*Task prompt:* Whenever a line of the listing contains the string "below", return that line.

*Records to process:*

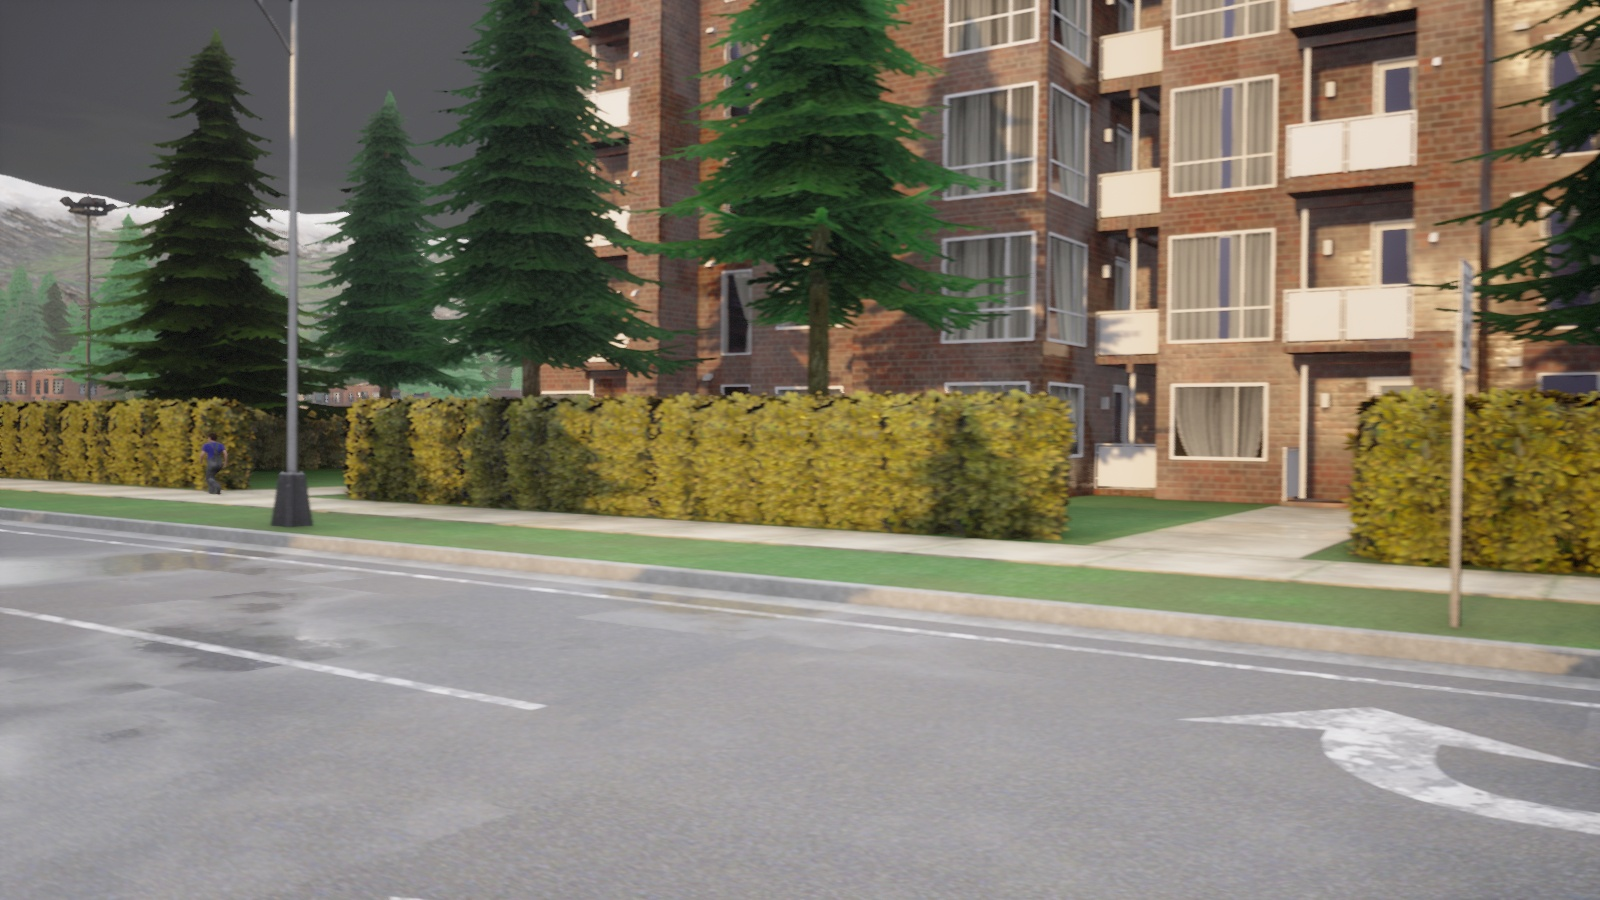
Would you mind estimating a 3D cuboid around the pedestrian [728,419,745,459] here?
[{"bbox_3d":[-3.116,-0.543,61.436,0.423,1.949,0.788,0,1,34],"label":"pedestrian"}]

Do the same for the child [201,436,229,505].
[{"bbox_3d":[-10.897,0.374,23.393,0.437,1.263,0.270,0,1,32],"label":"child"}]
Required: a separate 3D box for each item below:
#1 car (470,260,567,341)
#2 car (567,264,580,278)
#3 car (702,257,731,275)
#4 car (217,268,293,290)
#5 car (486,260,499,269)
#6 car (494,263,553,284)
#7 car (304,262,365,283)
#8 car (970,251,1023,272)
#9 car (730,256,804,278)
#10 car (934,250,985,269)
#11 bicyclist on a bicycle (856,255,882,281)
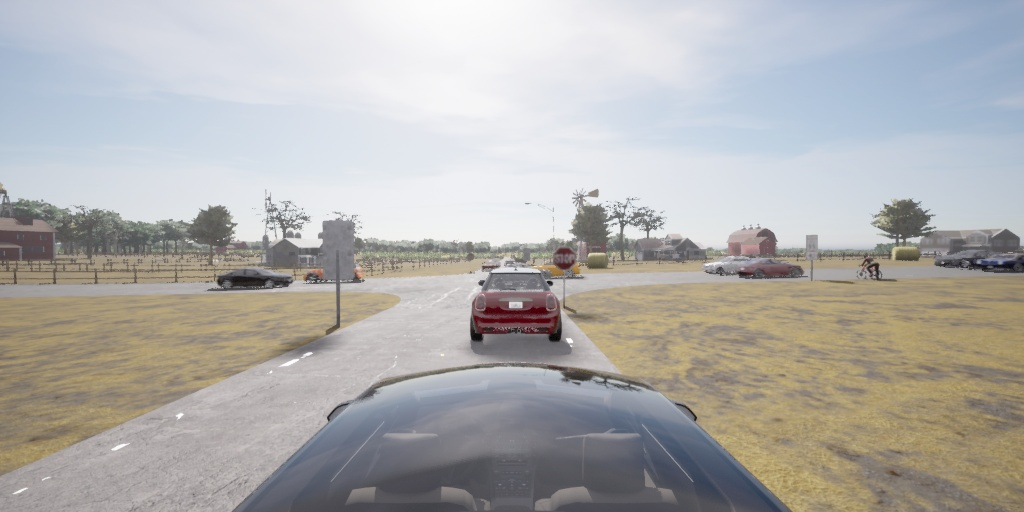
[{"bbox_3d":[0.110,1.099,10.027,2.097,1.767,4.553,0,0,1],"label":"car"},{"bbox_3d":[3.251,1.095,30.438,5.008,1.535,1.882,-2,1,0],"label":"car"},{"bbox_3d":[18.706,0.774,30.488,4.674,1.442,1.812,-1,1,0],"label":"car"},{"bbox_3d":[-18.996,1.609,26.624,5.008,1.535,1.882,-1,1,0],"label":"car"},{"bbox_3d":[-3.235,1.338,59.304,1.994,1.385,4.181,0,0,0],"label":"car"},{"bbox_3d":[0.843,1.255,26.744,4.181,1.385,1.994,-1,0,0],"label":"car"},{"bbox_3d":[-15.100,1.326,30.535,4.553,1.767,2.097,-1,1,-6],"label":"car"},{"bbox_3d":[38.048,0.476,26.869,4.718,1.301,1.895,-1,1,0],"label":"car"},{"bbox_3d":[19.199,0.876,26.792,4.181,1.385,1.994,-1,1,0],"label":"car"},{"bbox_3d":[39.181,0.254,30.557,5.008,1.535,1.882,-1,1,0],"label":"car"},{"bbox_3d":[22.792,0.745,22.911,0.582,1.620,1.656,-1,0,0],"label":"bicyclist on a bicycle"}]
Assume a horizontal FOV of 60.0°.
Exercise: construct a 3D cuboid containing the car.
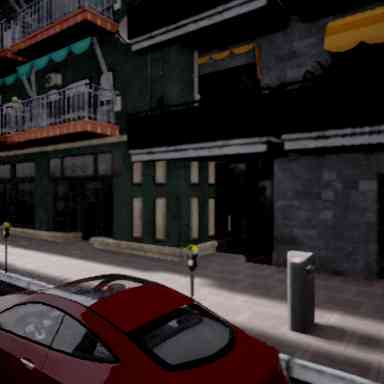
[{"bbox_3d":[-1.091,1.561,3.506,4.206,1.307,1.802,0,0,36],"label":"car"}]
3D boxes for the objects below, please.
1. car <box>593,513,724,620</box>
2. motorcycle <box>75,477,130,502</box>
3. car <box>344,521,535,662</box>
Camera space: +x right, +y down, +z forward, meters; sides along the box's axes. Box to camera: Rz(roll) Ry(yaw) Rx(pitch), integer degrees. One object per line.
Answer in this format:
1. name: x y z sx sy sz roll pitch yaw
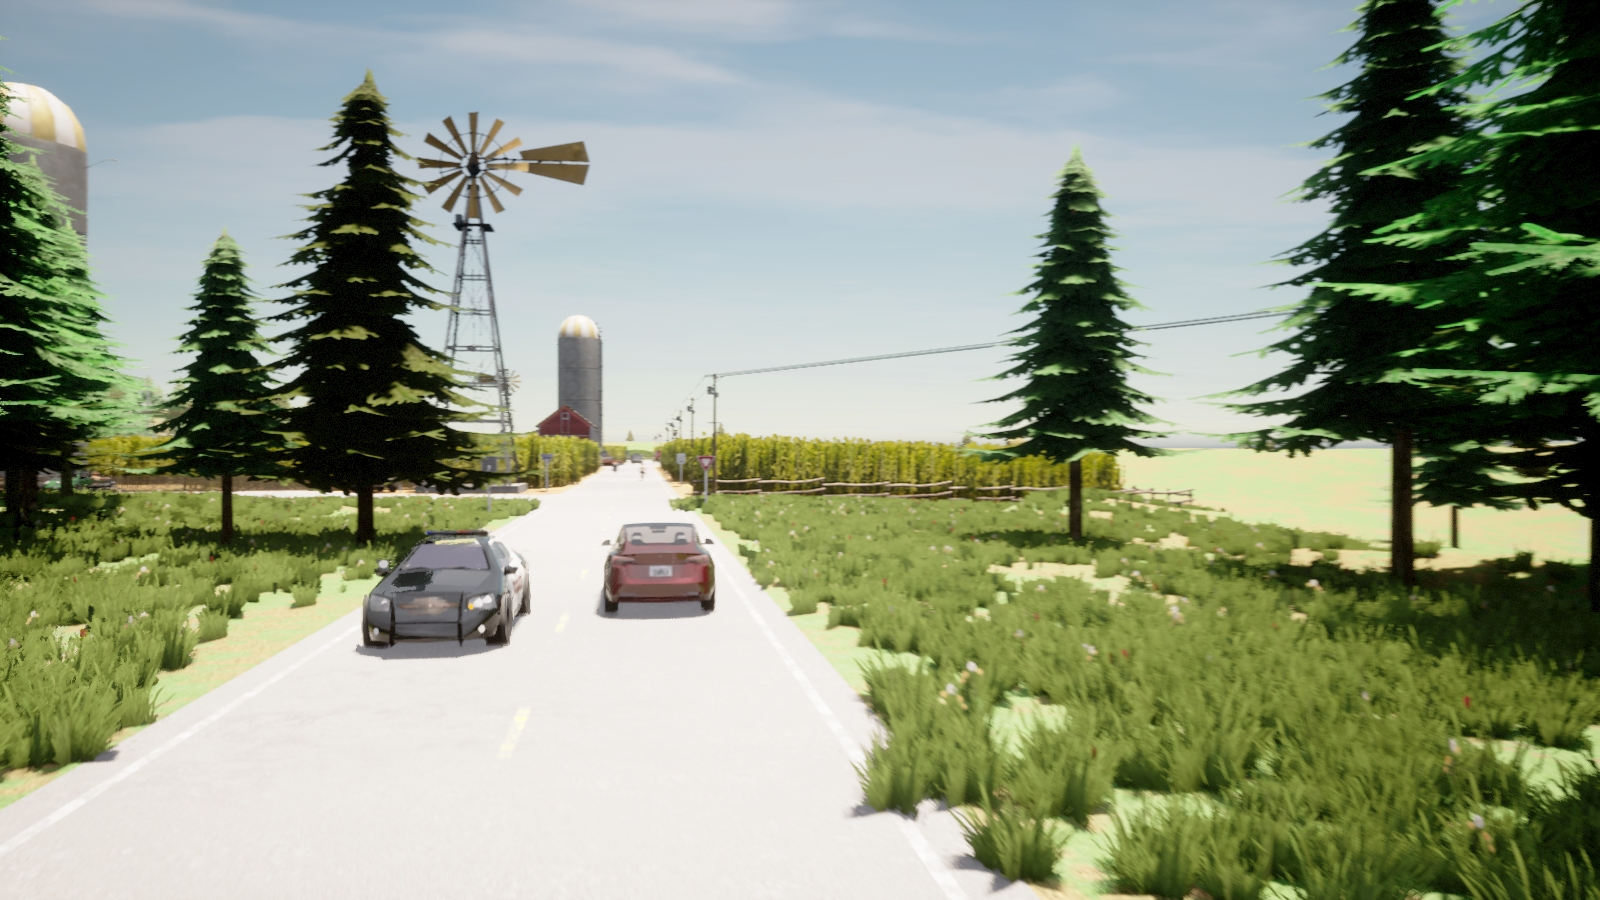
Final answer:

*Task solution:*
Required: a separate 3D box for each item below:
3D boxes for the objects below, please.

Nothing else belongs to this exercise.